SpaceX’s Crew-5 rocket to the International Space Station (ISS): Watch highlights

NASA and SpaceX successfully launched four Crew-5 astronauts into the International Space Station (ISS), on Wednesday, October 5.

SpaceX’s Falcon 9 rocket and Crew Dragon spacecraft departed Launch Complex 39A at the Kennedy Space Center in Florida on time, at noon.

We're on our way to space!#Crew5Taken off @NASAKennedyAt noon ET (1600 GMT) and heading to the @Space_StationFor six months of scientific discovery pic.twitter.com/p2AvbIzo9V

— NASA (@NASA) October 5, 2022

Just over eight minutes after launch, the rocket’s first-stage booster made a perfect landing on the Please Read the InstructionsA drone ship is waiting at the ocean’s bottom, opening the way for the rocket’s return to space.

Falcon 9’s first stage booster has landed on the Just Read the Instructions droneship pic.twitter.com/qKk3uk4J9B

— SpaceX (@SpaceX) October 5, 2022

Just over 12 minutes after leaving Kennedy, the Crew Dragon capsule successfully separated from Falcon 9’s second stage, setting the astronauts on course for the space station.

Dragon, fly!@SpaceX's Endurance spacecraft has separated from its Falcon 9 rocket and is on its way to the @Space_Station. Follow our #Crew5Blog for the most recent mission updates https://t.co/t5aCFxh78H pic.twitter.com/EskQMDB7fd

— NASA (@NASA) October 5, 2022

Finally, here’s some footage from inside the capsule as it heads toward the space station.
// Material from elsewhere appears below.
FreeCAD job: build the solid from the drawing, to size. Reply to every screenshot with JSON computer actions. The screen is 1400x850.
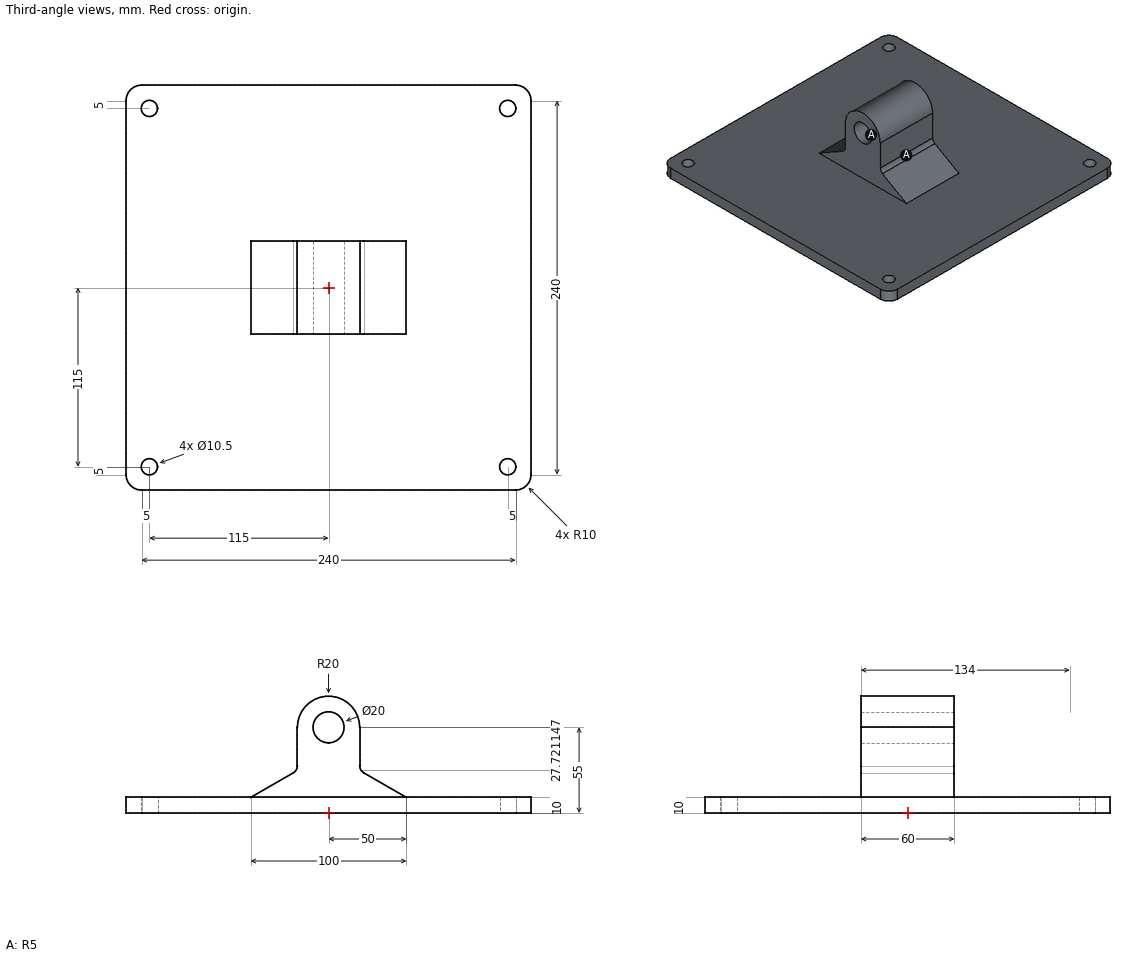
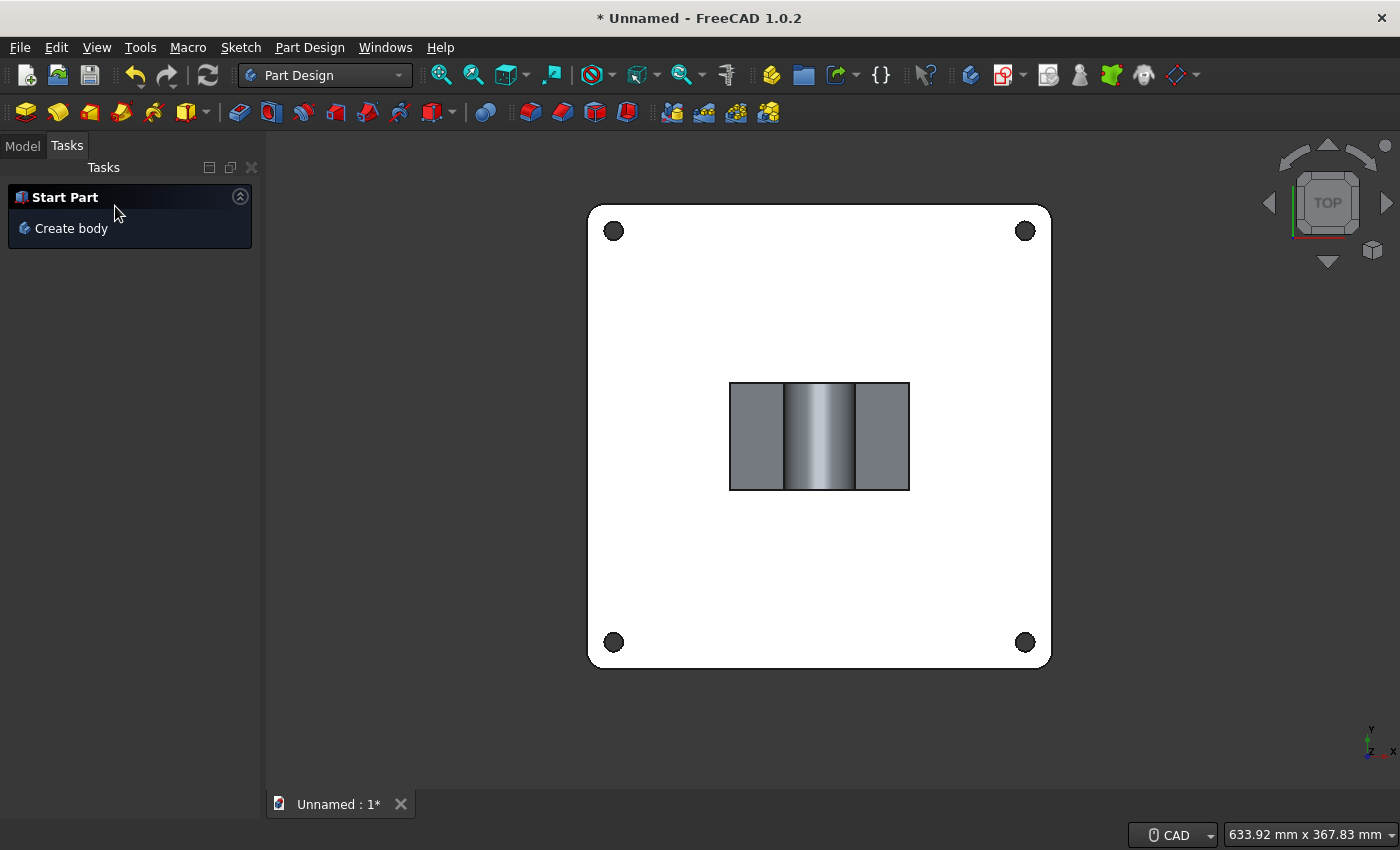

One of the astronauts offers some words about Albert Einstein, a toy version of which acted as the crew’s zero-g indicator so they could see the moment when their spacecraft had reached a microgravity environment a few minutes after launch.

"Imagination encircles the world." —Albert Einstein

The zero gravity indicator #Crew5It is revealed that the mission was a toy Einstein. It's used to show when the capsule reaches the weightlessness of microgravity as it circles the globe en route to the @Space_Station. pic.twitter.com/wOE7GbWfNA

— NASA (@NASA) October 5, 2022

Crew-5 comprises NASA astronauts Nicole Mann and Josh Cassada, along with Koichi Wakata of JAXA (Japan Aerospace Exploration Agency), and Anna Kikina of Russia’s Roscosmos space agency.

They’ll arrive at the space station on Thursday afternoon ET, and will spend about four months living and working aboard the space-based laboratory as it orbits at around 250 miles above Earth.

Mann, Cassada and Kikina are making their first space missions. Wakata on the other side has a lot of experience. He’s been on four orbital missions already, including the first in 1996, and the most recent in 2013.

The Crew-5 mission is SpaceX’s eighth crewed flight since the first one in the summer of 2020. Crew-5 is the seventh mission to the space station. Crew-5 was the other crewed flight. It involved the first all-civilian mission. For several days, remained in low-Earth orbitYou can dock at the ISS without any additional charges.